We have jurisdiction under 28 U.S.C. § 2253(a). We review de novo the district court’s decision. Clark v. Murphy, 331 F.3d 1062, 1067 (9th Cir.2003). Under the Antiterrorism and Effective Death Penalty Act of 1996 (“AEDPA”), a federal court cannot grant Cox’s habeas petition unless the state appellate court’s adjudication of the claims raised in the petition was “con*678trary to, or involved an unreasonable application of, clearly established Federal law, as determined by the Supreme Court of the United States.” 28 U.S.C. § 2254(d)(1). Under the applicable Supreme Court precedent, even when there is an error of constitutional proportion, the state court is not required to reverse if it determines the error was “harmless beyond a reasonable doubt.” Chapman v. State of California, 386 U.S. 18, 24, 87 S.Ct. 824, 17 L.Ed.2d 705 (1967).

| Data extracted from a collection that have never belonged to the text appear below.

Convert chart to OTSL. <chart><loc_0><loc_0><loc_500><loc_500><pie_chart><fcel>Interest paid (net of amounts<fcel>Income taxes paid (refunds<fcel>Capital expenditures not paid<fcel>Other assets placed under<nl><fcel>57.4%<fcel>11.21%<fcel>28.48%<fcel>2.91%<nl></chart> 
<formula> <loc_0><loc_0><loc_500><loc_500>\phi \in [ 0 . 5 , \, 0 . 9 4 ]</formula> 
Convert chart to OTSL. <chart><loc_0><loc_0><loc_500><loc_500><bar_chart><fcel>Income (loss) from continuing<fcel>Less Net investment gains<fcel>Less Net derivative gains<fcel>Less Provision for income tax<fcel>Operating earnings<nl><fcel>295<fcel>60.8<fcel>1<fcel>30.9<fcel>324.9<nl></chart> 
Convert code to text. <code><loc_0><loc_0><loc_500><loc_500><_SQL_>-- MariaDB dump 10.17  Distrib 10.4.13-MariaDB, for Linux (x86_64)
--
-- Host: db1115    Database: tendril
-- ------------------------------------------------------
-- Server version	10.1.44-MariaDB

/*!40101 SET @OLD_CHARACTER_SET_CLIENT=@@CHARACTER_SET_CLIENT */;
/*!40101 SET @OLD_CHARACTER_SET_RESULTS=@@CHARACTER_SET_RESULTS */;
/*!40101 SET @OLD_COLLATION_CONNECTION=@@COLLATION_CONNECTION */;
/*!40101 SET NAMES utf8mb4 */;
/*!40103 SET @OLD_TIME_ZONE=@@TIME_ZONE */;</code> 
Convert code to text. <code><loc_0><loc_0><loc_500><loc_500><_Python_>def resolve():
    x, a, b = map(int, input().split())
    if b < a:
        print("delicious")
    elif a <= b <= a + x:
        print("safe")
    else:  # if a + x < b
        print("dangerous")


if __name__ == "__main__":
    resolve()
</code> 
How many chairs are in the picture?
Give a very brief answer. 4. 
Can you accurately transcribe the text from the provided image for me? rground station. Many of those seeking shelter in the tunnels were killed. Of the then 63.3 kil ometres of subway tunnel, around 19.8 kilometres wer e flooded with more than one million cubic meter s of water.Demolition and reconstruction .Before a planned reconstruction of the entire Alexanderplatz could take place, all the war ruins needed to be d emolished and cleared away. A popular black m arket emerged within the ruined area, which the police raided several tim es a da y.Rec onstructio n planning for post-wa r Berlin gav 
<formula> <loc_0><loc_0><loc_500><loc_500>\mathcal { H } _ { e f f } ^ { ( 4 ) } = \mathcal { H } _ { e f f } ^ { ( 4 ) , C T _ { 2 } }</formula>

Cox first claims that the written instruction given to the jury on the murder count improperly included references to felony-murder. Cox argues that the jury could have relied on the erroneous instruction to convict him of murder based on the predicate of assault with a deadly weapon, which was before the jury as a lesser included offense in the attempted murder count. Assault with a deadly weapon cannot be a predicate for felony-murder in California. Cox claims that this error violated his due process rights.

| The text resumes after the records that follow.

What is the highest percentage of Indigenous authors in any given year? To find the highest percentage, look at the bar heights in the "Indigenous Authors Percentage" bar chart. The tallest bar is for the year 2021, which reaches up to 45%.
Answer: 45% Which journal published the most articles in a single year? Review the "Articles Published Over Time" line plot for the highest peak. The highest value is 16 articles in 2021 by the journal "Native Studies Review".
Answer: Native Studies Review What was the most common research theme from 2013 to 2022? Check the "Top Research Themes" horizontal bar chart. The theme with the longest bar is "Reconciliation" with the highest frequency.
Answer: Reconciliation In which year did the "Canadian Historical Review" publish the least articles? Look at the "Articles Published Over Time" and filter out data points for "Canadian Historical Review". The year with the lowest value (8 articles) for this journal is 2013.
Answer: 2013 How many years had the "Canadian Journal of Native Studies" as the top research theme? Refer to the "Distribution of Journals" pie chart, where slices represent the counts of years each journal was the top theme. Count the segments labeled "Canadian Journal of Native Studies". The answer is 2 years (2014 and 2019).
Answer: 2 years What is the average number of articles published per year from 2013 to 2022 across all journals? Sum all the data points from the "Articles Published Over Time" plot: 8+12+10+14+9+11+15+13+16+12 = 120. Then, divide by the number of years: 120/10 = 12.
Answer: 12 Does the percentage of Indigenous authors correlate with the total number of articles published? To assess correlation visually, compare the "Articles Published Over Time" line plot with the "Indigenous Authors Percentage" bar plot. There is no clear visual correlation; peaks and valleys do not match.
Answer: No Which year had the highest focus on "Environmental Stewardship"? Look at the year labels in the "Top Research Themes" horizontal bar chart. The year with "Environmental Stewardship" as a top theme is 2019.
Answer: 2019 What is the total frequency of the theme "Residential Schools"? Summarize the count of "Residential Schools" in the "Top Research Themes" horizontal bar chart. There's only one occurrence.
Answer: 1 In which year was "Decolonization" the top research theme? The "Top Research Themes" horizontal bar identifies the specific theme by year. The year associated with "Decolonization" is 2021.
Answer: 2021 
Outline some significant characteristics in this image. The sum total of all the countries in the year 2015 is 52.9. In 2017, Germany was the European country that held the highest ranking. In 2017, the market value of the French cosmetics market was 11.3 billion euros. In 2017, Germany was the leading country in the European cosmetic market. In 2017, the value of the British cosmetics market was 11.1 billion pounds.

The California Court of Appeal determined that the jury’s verdict did not rely on an improper theory for several reasons. The trial judge correctly instructed the jury orally, and neither counsel argued the felony-murder theory. In addition, the felony-murder theory did not require a finding of malice, but the jury found two special circumstances (murder for financial gain and murder by lying in wait) which required such a finding. Accordingly, the state court held that any instructional error on the murder count was “harmless beyond a reasonable doubt” under Chapman, 386 U.S. at 24, 87 S.Ct. 824. This conclusion is not contrary to, or an unreasonable application of, Supreme Court precedent.

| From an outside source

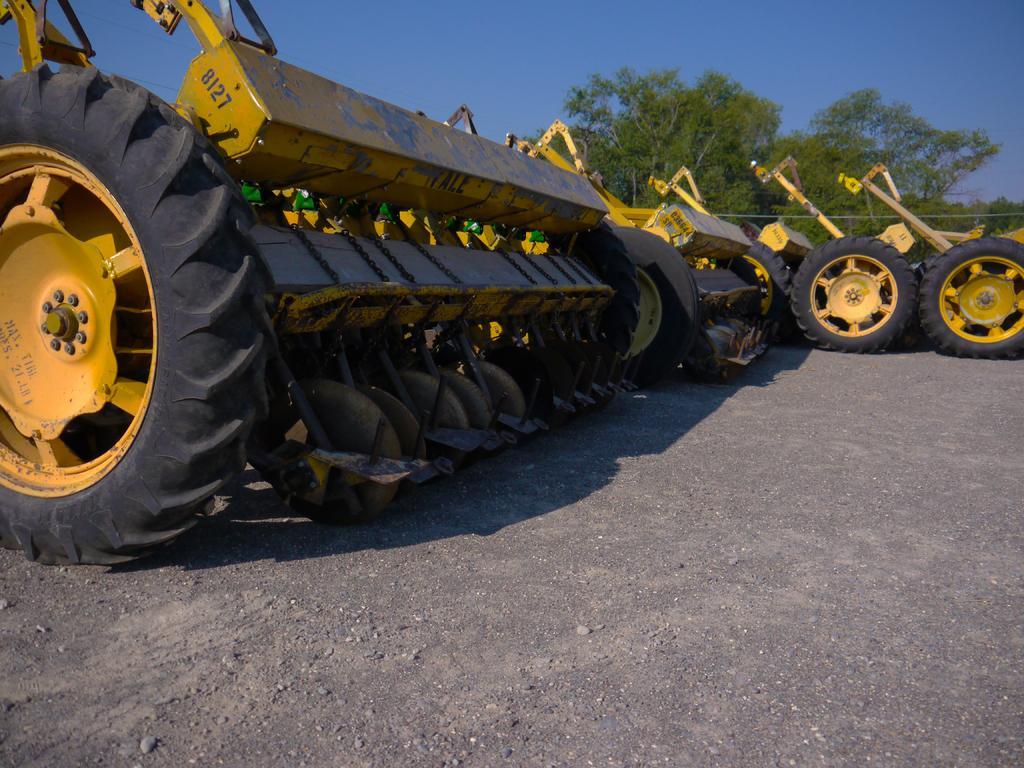Could you give a brief overview of what you see in this image? In the image in the center, we can see few tractors, which are in yellow color. In the background we can see the sky and trees. 
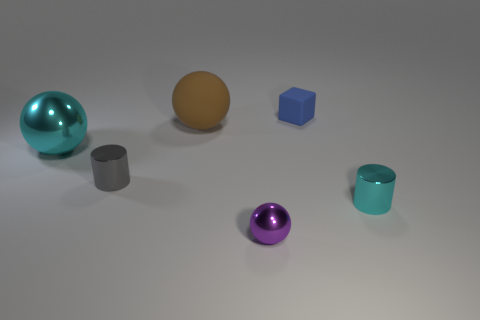Add 2 gray blocks. How many objects exist? 8 Subtract all blocks. How many objects are left? 5 Add 3 small shiny cylinders. How many small shiny cylinders exist? 5 Subtract 0 blue cylinders. How many objects are left? 6 Subtract all tiny red matte blocks. Subtract all shiny spheres. How many objects are left? 4 Add 6 tiny blue rubber cubes. How many tiny blue rubber cubes are left? 7

Second, Cox claims that the state court improperly failed to define “domestic violence” in the jury instructions for the violation of California Penal Code section 12022.7, which provides an enhancement for a person who personally inflicts great bodily injury under circumstances involving domestic violence. “Domestic violence” is defined as “intentionally or recklessly causing or attempting to cause bodily injury” against a spouse or other specified person. Cal. Pen.Code § 13700(a) and (b). Cox argues that this omission represents a due process violation and structural error under Apprendi v. New Jersey, 530 U.S. 466, 476, 120 S.Ct. 2348, 147 L.Ed.2d 435 (2000), that requires automatic reversal.

The California Court of Appeal concluded that this instructional error was a federal constitutional error, but that it was harmless beyond a reasonable doubt. Cox did not deny that Ruth was his spouse or that she suffered bodily injury. By finding Cox guilty of attempted murder, the jury necessarily found that Cox intentionally caused his spouse’s injury. Therefore, the state court concluded that the exclusion of an instruction on domestic violence “could not have contributed to the jury’s verdict.” At the time of the state court’s decision, the Supreme Court had determined that jury instructional errors were subject to harmless error analysis. Johnson v. United States, 520 U.S. 461, 469, 117 S.Ct. 1544, 137 L.Ed.2d 718 (1997). Subsequently, the Supreme Court affirmed that Apprendi errors do not warrant automatic reversal. Washington v. Recuenco, — U.S. -, 126 S.Ct. 2546, 2551-53, 165 L.Ed.2d 466 (2006); see also United States v. Banuelos, 322 F.3d 700, 705 (9th Cir.2003). Thus, the state court’s conclusion was not contrary to, or an unreasonable application of, Supreme Court precedent.

AFFIRMED.

xh.iS disposition is not appropriate for publication and may not be cited to or by the courts of this circuit except as provided by 9th Cir. R. 36-3.